One-third of countries engaged in pandemic influenza
planning have not prioritized who should get vaccinations
and antiviral medications, according to researchers from
the Johns Hopkins
Bloomberg School of Public Health and the Ben-Gurion
University of the Negev, Israel.
The study authors performed the largest pandemic-plan
review to date, a targeted review of 45 national pandemic
influenza plans from developed and developing countries.
The study is published in the October issue of the journal
PLoS Medicine.
"Because of costs and the time delay of manufacturing
strain-specific vaccines, critical medical resources are
likely to be scarce in a pandemic and will require
rationing," said Lori Uscher-Pines, lead author of the
study and a doctoral candidate in the Bloomberg School's
Department of Health Policy and Management. "However,
we learned that individual countries have not consistently
prioritized population groups for vaccines and antivirals.
No countries prioritized population groups to receive
ventilators, face masks and other critical resources."

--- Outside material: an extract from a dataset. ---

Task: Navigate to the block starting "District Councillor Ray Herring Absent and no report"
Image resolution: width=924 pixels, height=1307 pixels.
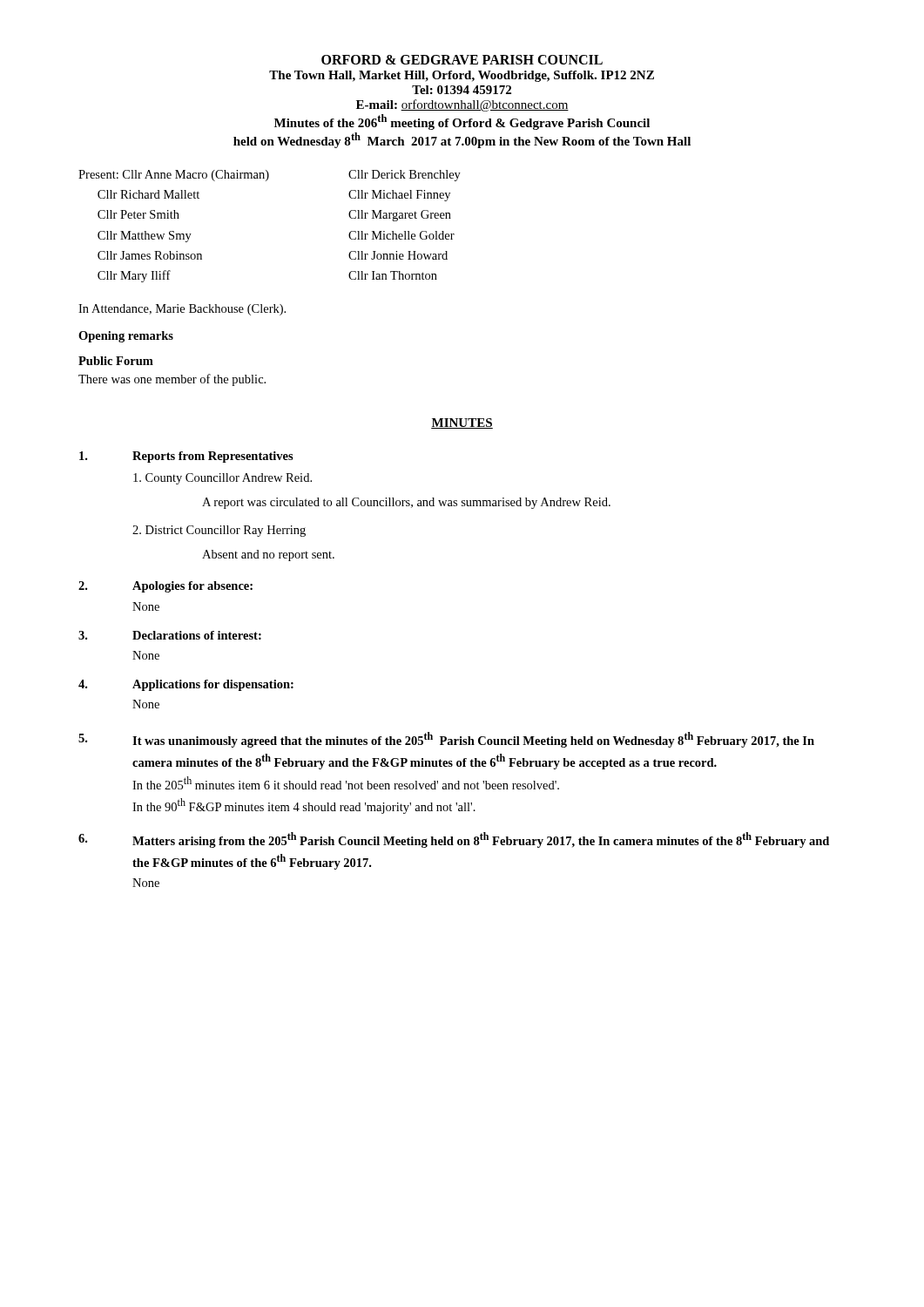Action: 219,531

The study authors included 45 national pandemic
influenza plans in their study — 19 from developed
and 26 from developing nations. In total, the plans would
affect 3.8 billion individuals, or two-thirds of the world
population. The study found that 28 countries prioritized
individual population groups to receive vaccines in a
pandemic, and 22 prioritized groups to receive antiviral
medications.
The failure to prioritize antivirals is an unexpected
finding since they may be the first — and perhaps the
only — pharmaceutical intervention available to many
countries in a pandemic, the authors explain in the
study.
Of the 28 nations that prioritized medical resources,
health care workers were most frequently ranked at the top
of vaccine and antiviral priority lists. After that,
countries differed greatly on who should receive top
priority: high-risk individuals, such as the elderly and
children; or essential service workers, such as
communications/telecommunications workers, firefighters,
key government decision makers and energy/power supply
workers.
The authors also learned that some countries made
children a top priority despite mixed epidemiological
support of this practice and a previous World Health
Organization recommendation against it.
None of these countries cited sociocultural values in
reference to this prioritization decision.
Senior co-author Ran D. Balicer said, "Prioritization
can play a significant role in international preparedness
against pandemic influenza. In the absence of explicit WHO
guidelines, nations should be encouraged and supported in
priority setting based on individualized pandemic-impact
estimates and should be guided in balancing evidence and
ethical considerations." Balicer is a researcher at the
Ben-Gurion University and co-editor of the Israeli Pandemic
Preparedness Plan.
The study was supported by a cooperative agreement
with the U.S. Centers for Disease Control and Prevention.
Co-authors from Johns Hopkins are Uscher-Pines, Saad B.
Omer, Daniel J. Barnett and Thomas A. Burke.